CrushRush Photography | Faces of Soda City - Isaac Coakley

Faces of Soda City - Isaac Coakley

April 26, 2018  •  Leave a Comment

Faces of Soda City
Name: Isaac Coakley
Age: 57
Homeless Time: 7 Months
In need of? Work Boots (11 1/2), Work Pants, (34/32), Lightweight Shirts for work.


After walking the streets of Columbia for two hours this afternoon I ran into Isaac. We chopped it up and talked about many topics such as life, choices, love, homelessness, and education. I’d like to share a little bit about my new friend Isaac.

Isaac is a 57 year old Columbia, South Carolina native who takes great pride in being a multi skilled laborer. He has two daughter and a son who currently reside in Sumter, South Carolina.
He is no stranger to residential and commercial construction and has had many roles in the construction field ranging from being an electrician to operating a forklift. “I’ve done a little bit of everything during my 57 years on this Earth” said Isaac in regards to construction work.

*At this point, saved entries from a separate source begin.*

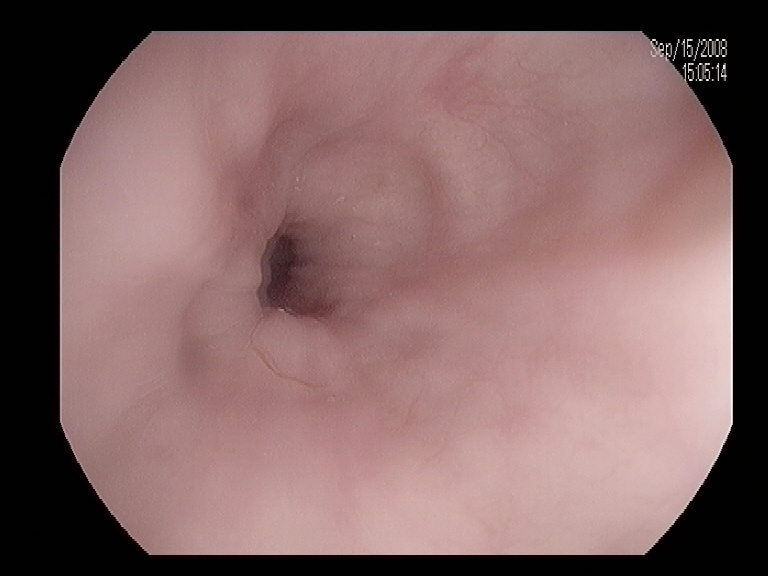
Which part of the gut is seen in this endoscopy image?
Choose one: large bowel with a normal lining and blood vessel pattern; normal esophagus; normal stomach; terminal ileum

normal esophagus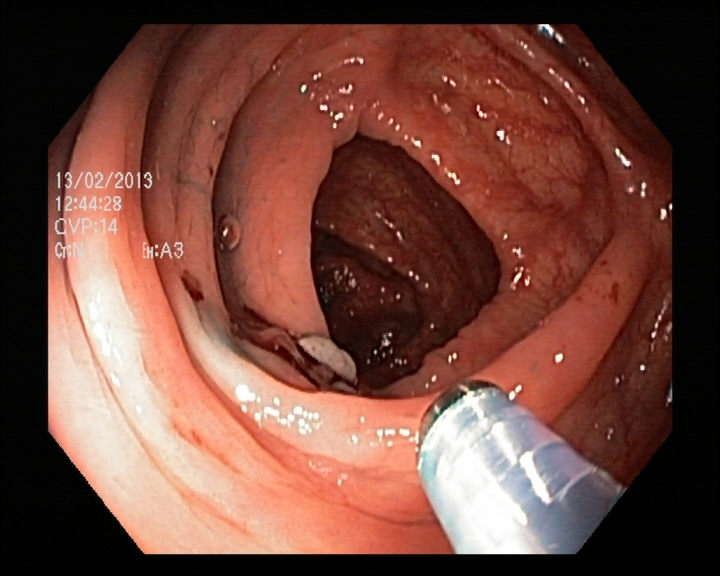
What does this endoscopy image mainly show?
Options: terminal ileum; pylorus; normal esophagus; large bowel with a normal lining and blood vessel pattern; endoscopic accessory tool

endoscopic accessory tool

Isaac, who has been homeless a little over 7 months, strongly feels as if there is some serious reform needed when it comes to the way Columbia assists its homeless population. To get a little bit of insight, I asked him a couple of questions in which he rarely needed time to stop and think about the answers.

1.
Me: As a homeless person in Columbia, what would you say are the best and worst resources for a homeless individual?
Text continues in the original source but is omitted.